Forget pawn shops. These two freshly-divorced women threw caution (and jewelry) to the wind in observance of the Reno, Nevada custom of tossing their rings into the Truckee River. What I don’t get is why they wouldn’t want to sell them since it was 1932, amidst the Great Depression. At least get enough to buy a celebratory whiskey! And why were they wearing Hawaiian leis in the middle of the dessert? And what did their husbands do to warrant such a dismissal of vows?
In 2013, The Huffington Post shared this image, with Nevada still #5 in a list of Top Ten Divorce Capitals.

Any of these hotspots look familiar?

Actually, This House Possessed was a 1981 made-for-TV Parker Stevenson movie that gave me the willies in my formidable years. But it wasn’t nearly as scary as this shot of men being chased by a house. I bet they could give Usain Bolt a run for his money in the 100 meter dash.
When we think hurricane, we probably think of Katrina, but 1998’s Hurricane Georges was no picnic for folks in Key West. The 90-mph winds tore through homes on Houseboat Row.

Nowadays, Houseboat Row looks like this:

Is that winky face tempting fate? Is he squinting into the sun? Or did a seagull just make bad-bad on him?





1953 Hillcrest Country Club
Comedians Groucho Marx, George Jessel, Milton Berle, Eddie Cantor (air-stabbing his pal), and Buddy Lester met daily for lunch.

Actor-comedian Joe E. Brown gets toweled off by wife Kathryn at his Brentwood home in 1951. She doesn’t seem to mind his toned 60-year-old physique. The two were married 55 years until his death in 1973.
He was one of the most popular American comedians in the 1930s and 1940s, with successful films like A Midsummer Night’s Dream, Earthworm Tractors, and Alibi Ike. In his later career Brown starred in Some Like It Hot (1959), as Osgood Fielding III, in which he utters the famous punchline, “Well, nobody’s perfect.”

Doesn’t he look like the happiest camper ever? 
Can you tell who the woman is here with him? I’d recognize her anywhere.


WPA (Works Progress Administration) workers load a truck with flood debris in Louisville, KY in 1937. It sure looks a muddy mess, but since we haven’t seen a drop of rain since May, I’d take a muddy mess right now.

Most of the yearbooks I collect have ads in the back.
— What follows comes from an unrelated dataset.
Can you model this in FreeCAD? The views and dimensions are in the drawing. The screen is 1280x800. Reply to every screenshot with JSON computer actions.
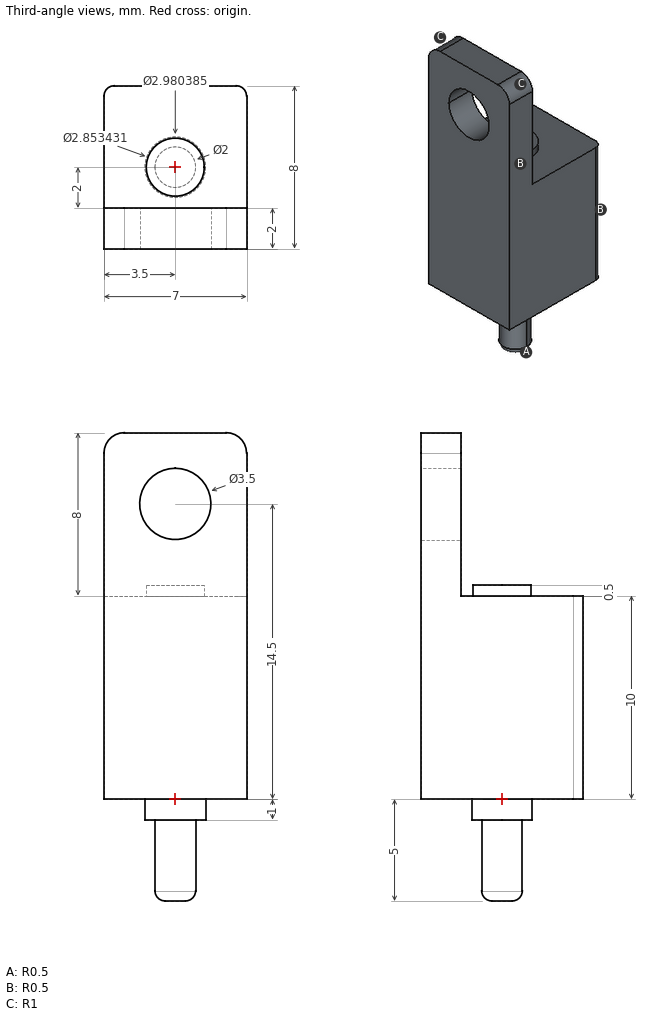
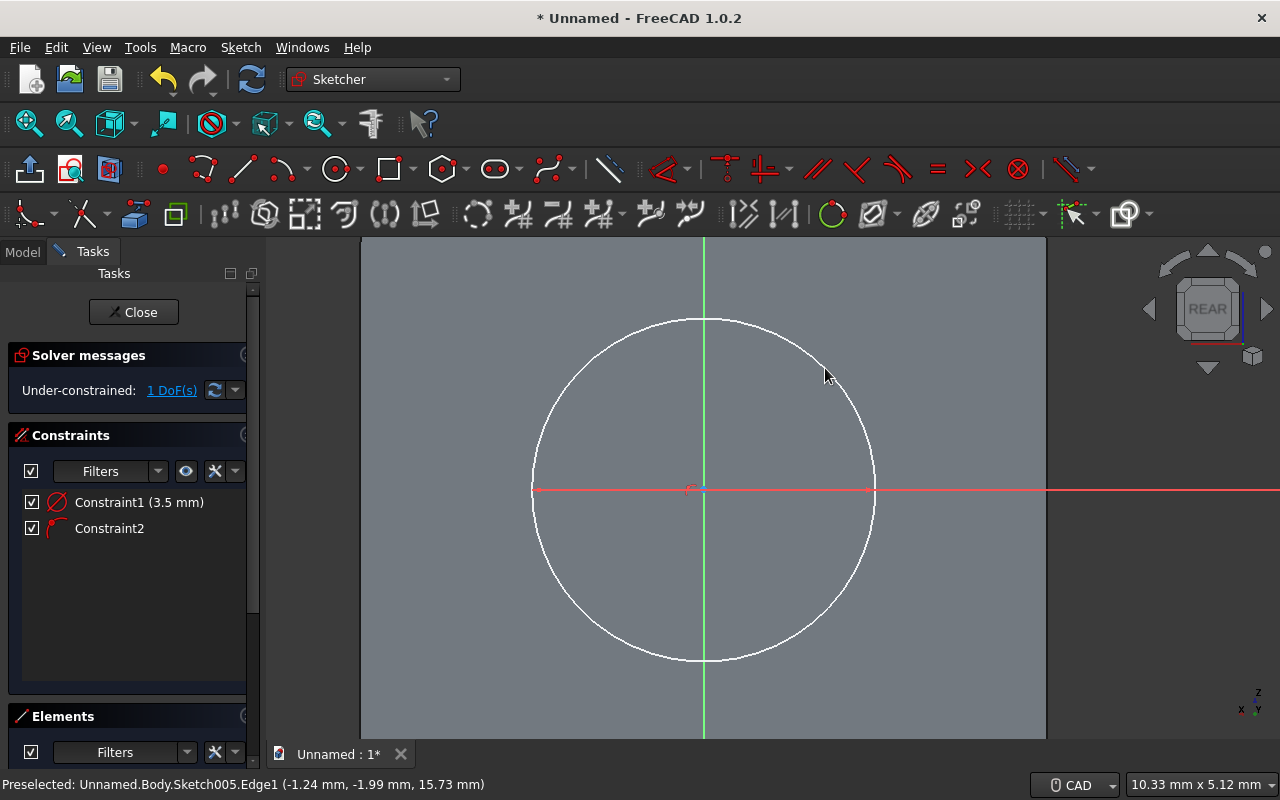
{"action": "key", "text": "d"}

Rarely are they interesting beyond the typeset or logos of the times, but this 1955 Lion’s Lair yearbook shows student at the places of business.
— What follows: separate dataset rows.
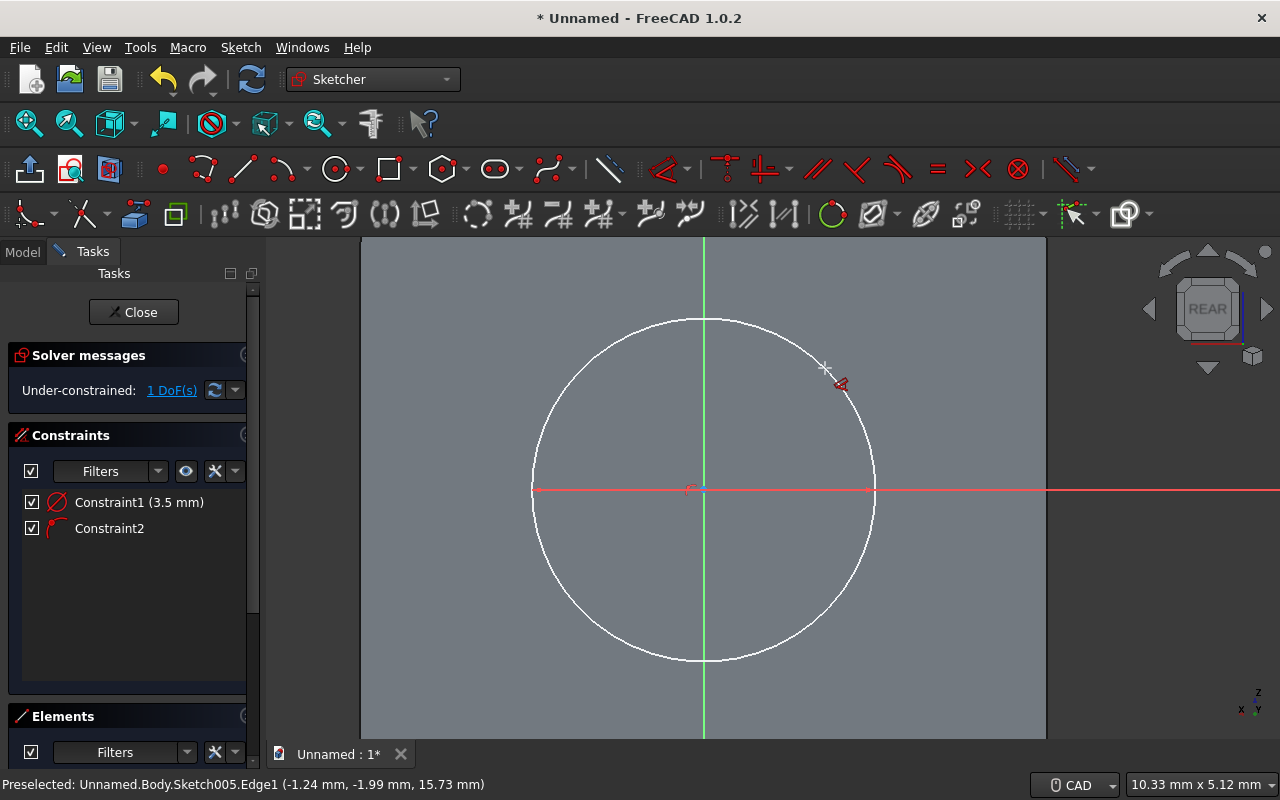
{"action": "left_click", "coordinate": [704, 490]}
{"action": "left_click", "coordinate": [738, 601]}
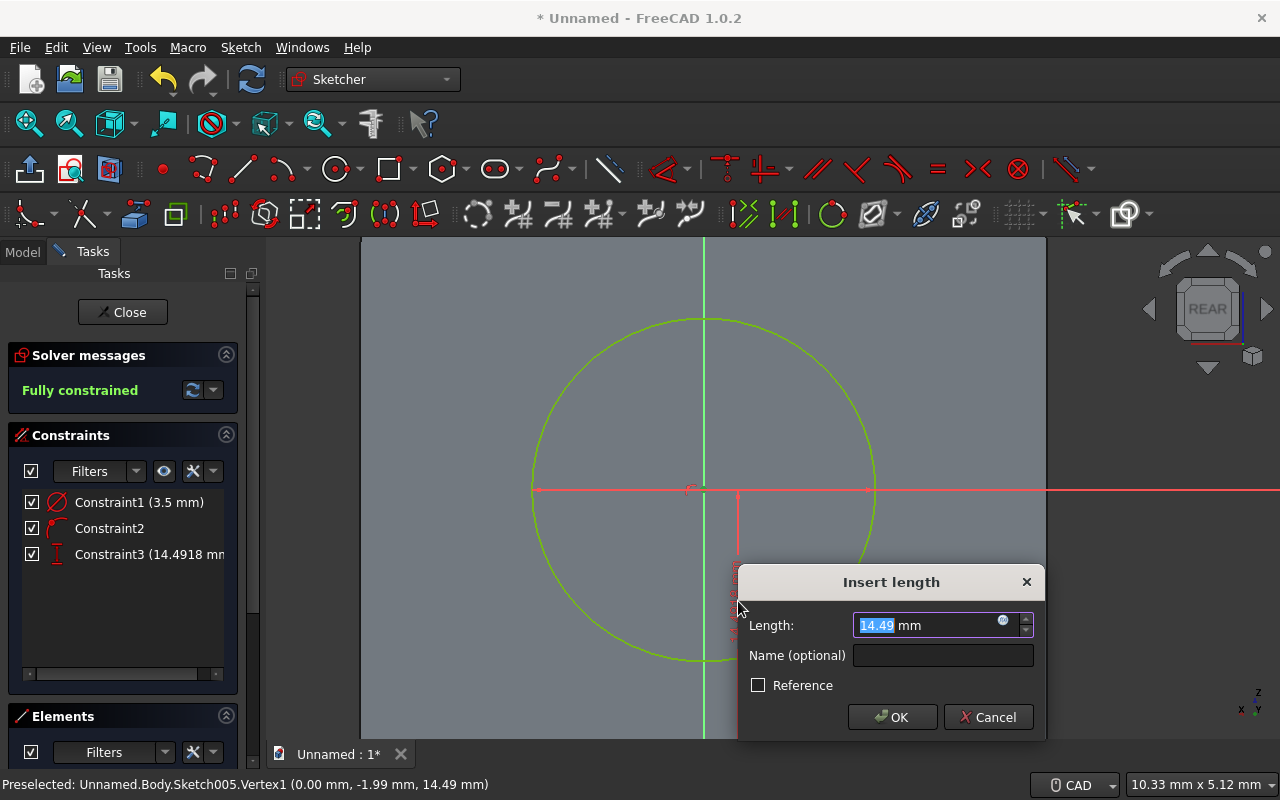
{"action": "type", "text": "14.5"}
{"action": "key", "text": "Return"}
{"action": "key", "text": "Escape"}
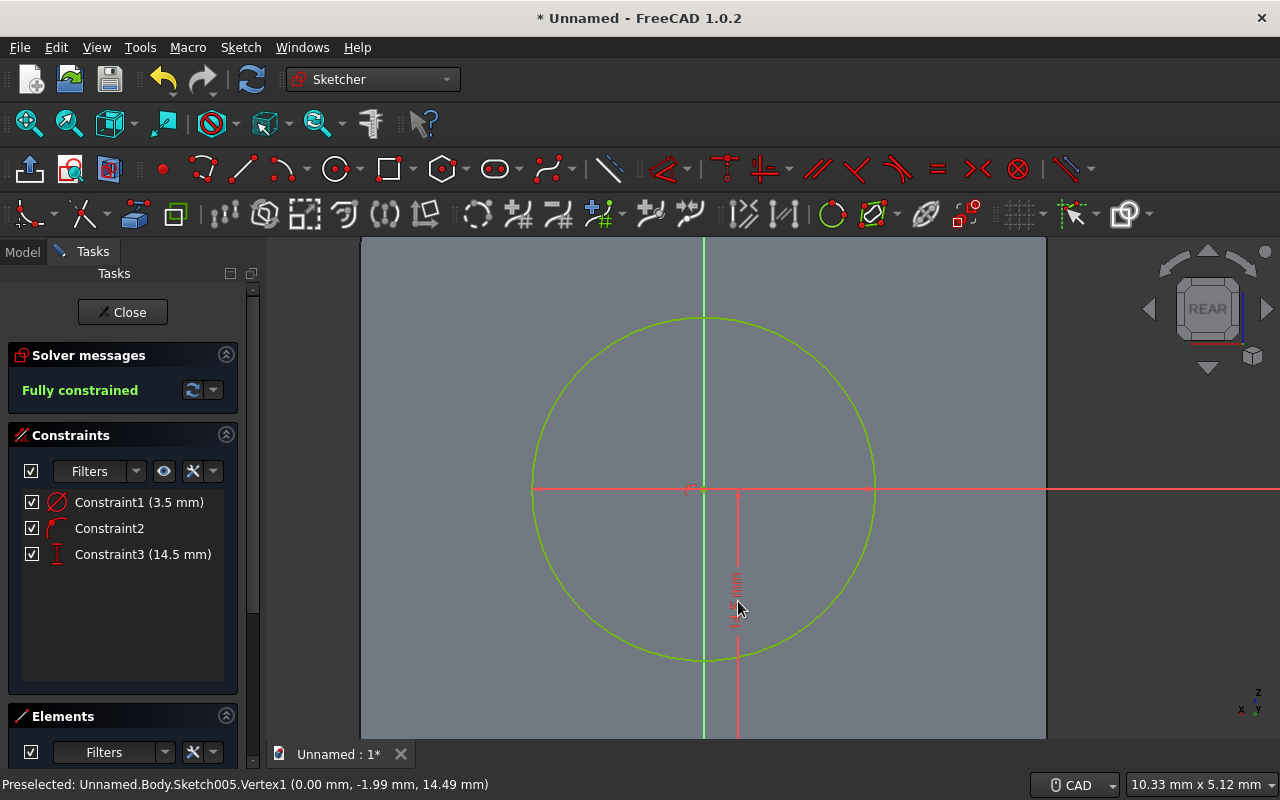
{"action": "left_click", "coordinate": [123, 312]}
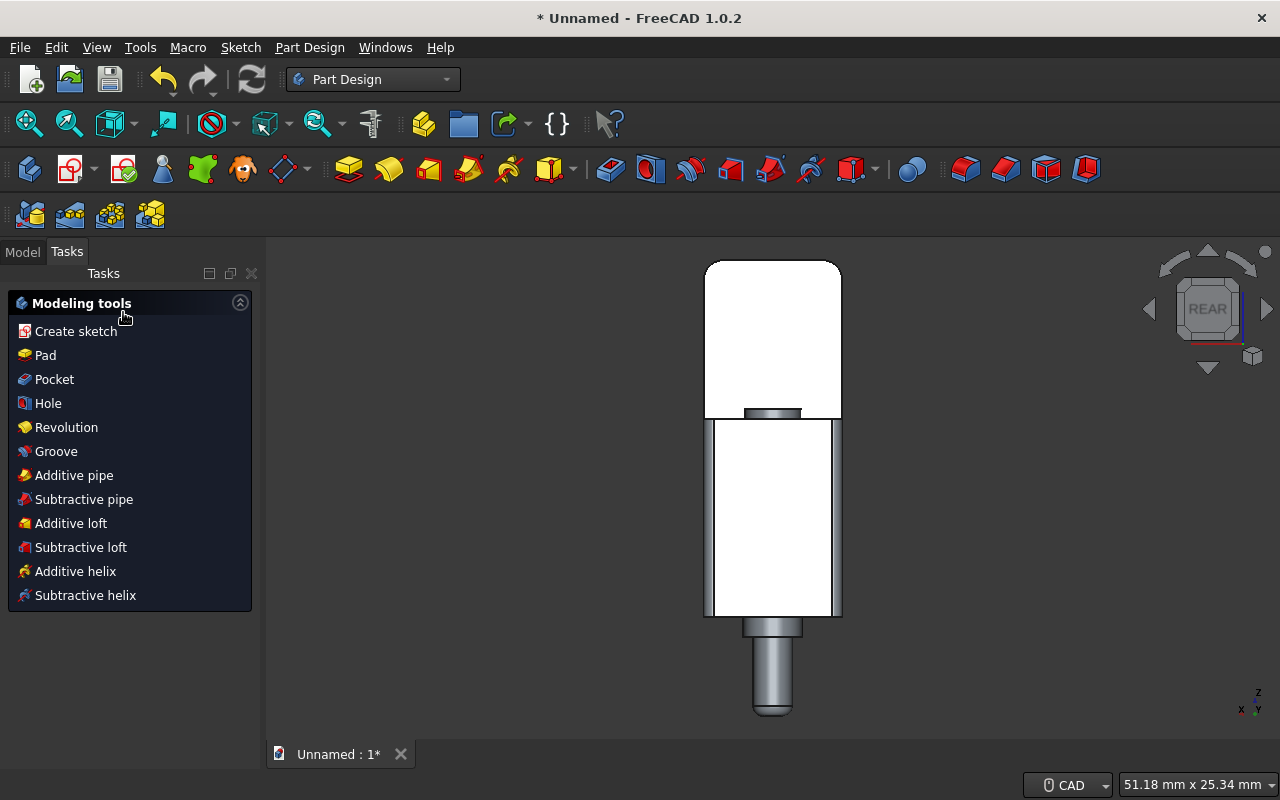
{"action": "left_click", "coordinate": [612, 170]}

These students tried out the wheelbarrow at Allandale Hardware & Variety.

This Piggly Wiggly image gives insight to mid-century grocery stores before big chains like Wal-Mart and Target served our grocery needs.

Butter Krust was the best bread around; we used to cover our textbooks with Butter Krust advertising sheets.

Isn’t this last one fun? I like how they spell Bubba as “Buba.”


Okay, okay, I get it. The war is over. Japan has just surrendered, and folks in Washington DC are understandably celebrating with copious amounts of PDA. But tone it down, folks. Save it for the bedroom. I’m turning into an old fuddy-duddy, aren’t I?